(Beginning of SUPPLIED MATERIAL)

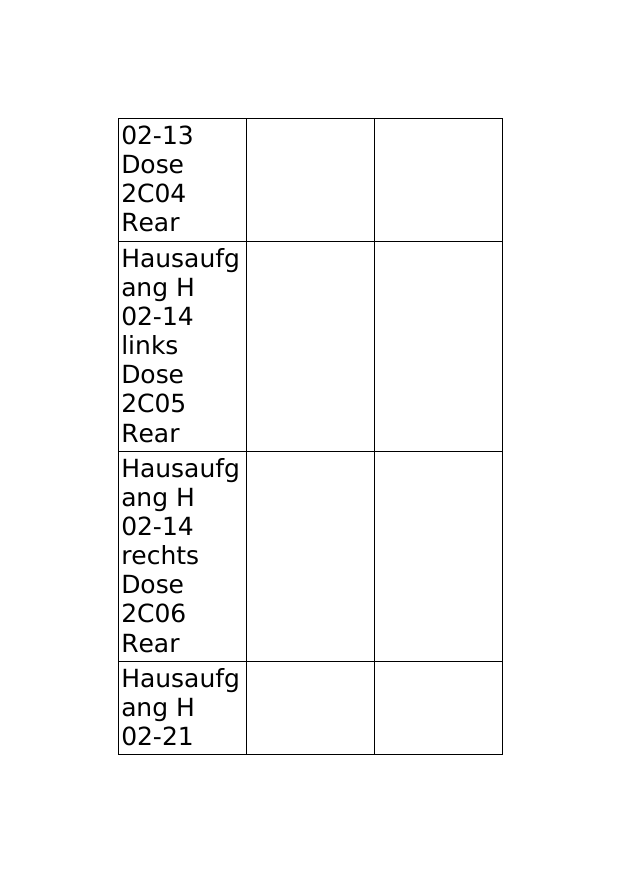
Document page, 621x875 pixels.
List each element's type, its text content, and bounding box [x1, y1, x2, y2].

table_cell Hausaufgang H 02-14 rechts Dose 2C06 Rear [119, 452, 246, 661]
table_cell [375, 662, 502, 754]
table_cell [247, 242, 374, 451]
table_cell Hausaufgang H 02-14 links Dose 2C05 Rear [119, 242, 246, 451]
table_cell 02-13 Dose 2C04 Rear [119, 119, 246, 241]
table_cell Hausaufgang H 02-21 [119, 662, 246, 754]
table_cell [375, 452, 502, 661]
table_cell [247, 119, 374, 241]
table_cell [375, 119, 502, 241]
table_cell [247, 452, 374, 661]
table_cell [375, 242, 502, 451]
table_cell [247, 662, 374, 754]
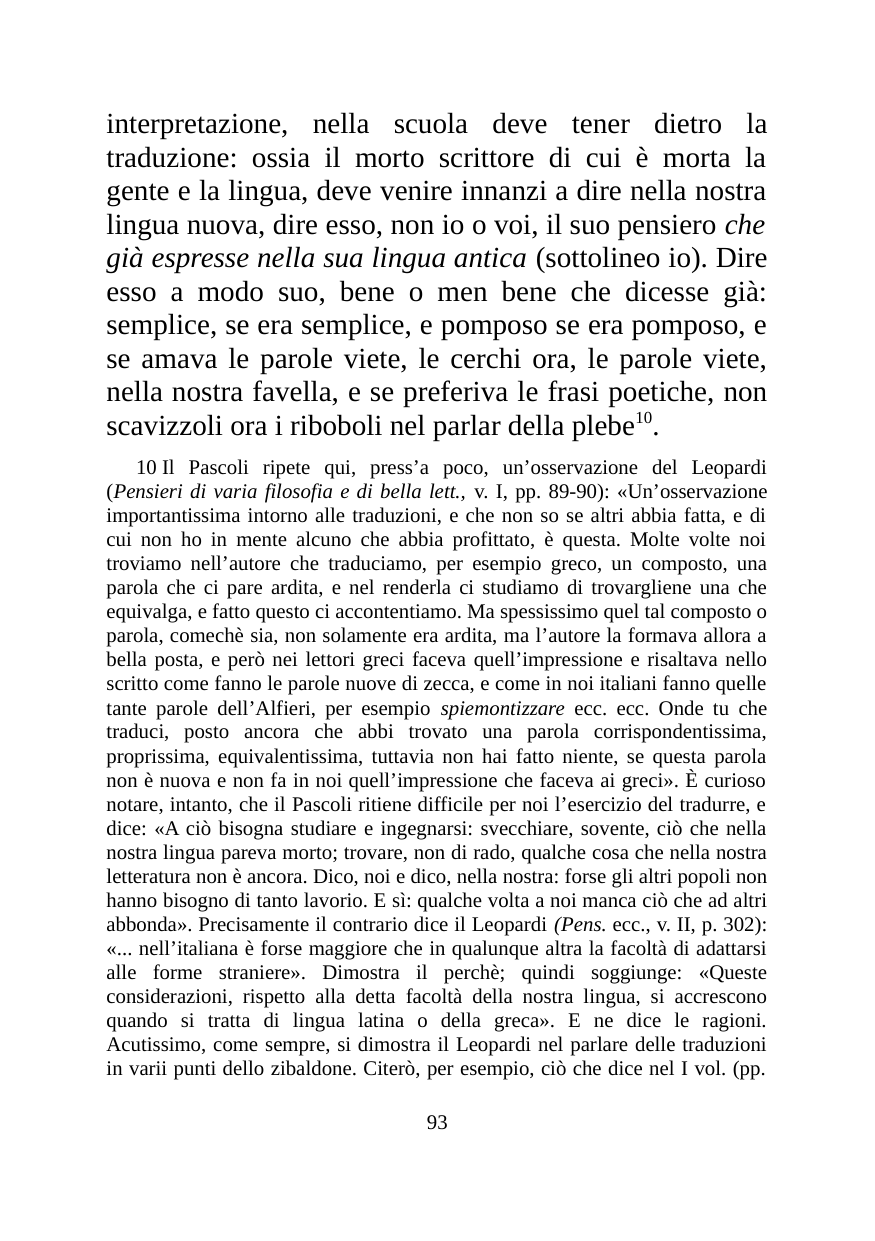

(End of SUPPLIED MATERIAL)

• _TASK TO CARRY OUT_
Output the listing exactly, without images.

• _OUTPUT BELOW_
Document page, 621x875 pixels.
List each element's type, its text content, and bounding box [x1, y1, x2, y2].

table_cell Hausaufgang H 02-14 rechts Dose 2C06 Rear [119, 452, 246, 661]
table_cell [375, 662, 502, 754]
table_cell [247, 242, 374, 451]
table_cell Hausaufgang H 02-14 links Dose 2C05 Rear [119, 242, 246, 451]
table_cell 02-13 Dose 2C04 Rear [119, 119, 246, 241]
table_cell Hausaufgang H 02-21 [119, 662, 246, 754]
table_cell [375, 452, 502, 661]
table_cell [247, 119, 374, 241]
table_cell [375, 119, 502, 241]
table_cell [247, 452, 374, 661]
table_cell [375, 242, 502, 451]
table_cell [247, 662, 374, 754]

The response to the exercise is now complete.